Павлик отстал от взрослых, подошел к берегу озера. Когда-то вязкое, тинистое дно теперь было обнажено и истоптано тысячами следов, грязь окаменела, застыла, следы казались вдавленными в камень. Павлик присел на корточки и принялся выбирать из груды ракушечных осколков самые красивые. Они были нежного, неяркого цвета. Павлик вспомнил большую розовую витую раковину на комоде бабуки Тамары — в ней всегда, когда бы он ни приехал в Сестрорецк, потихоньку шумело море. Это было удивительно и таинственно. Вспомнив об этом, Павлик прижал к уху самый большой ракушечный осколок — он был только горячим, но немым. Когда Павлик, позванивая в кармане своими неожиданными драгоценностями, догнал отца, тот с болезненно сморщенным лбом слушал отца Серафима. А попик говорил и говорил и даже как будто хвастался людскими несчастиями, которые ему довелось увидеть. 

— Да не то что собак и кошек, ворон и ужей, сусликов и мышей едят. И в ваших Стенькиных Дубах с молоди всю кору содрали. 

— А зачем же кору? 

— А в лепешки, в лебеду, а то в картошку подмешивать. Даже, скажу вам, землю черную с Урала привозят — графит называется,— и ту едят. Ну, с нее, однако, судороги в животе... несколько человек отпел. 

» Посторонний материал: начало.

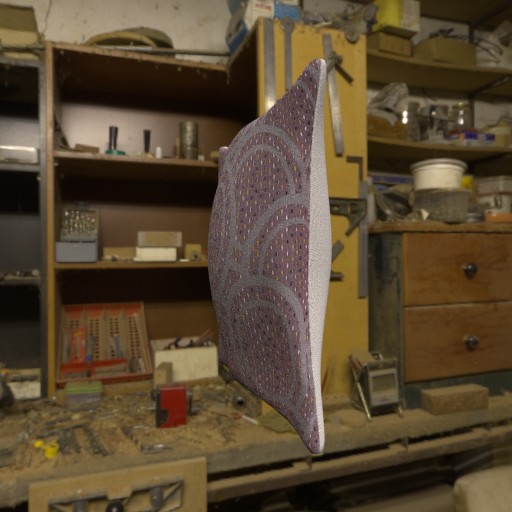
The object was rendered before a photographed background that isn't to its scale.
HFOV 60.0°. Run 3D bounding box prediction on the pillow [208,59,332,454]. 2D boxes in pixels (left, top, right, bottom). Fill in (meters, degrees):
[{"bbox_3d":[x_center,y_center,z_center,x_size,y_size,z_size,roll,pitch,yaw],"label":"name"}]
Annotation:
[{"bbox_3d":[0.000,0.000,0.811,0.163,0.513,0.514,0,1,-18],"label":"pillow"}]

И опять Павлик думал о своем: об осколках ракушек, которые звенели у него в кармане, о розовой раковине на комоде бабуки Тамары — в ней, если прижать ее к уху, всегда слышался далекий, глухой, едва различимый шум; взрослые говорили, что это шумит морской прибой, который шумел много 

лет назад, когда раковина еще не лежала на бабушкином комоде, а жила в море. И так же, говорили, море будет шуметь в раковине еще многие тысячи лет, хотя волны,"которые родили этот шум, давно умерли. 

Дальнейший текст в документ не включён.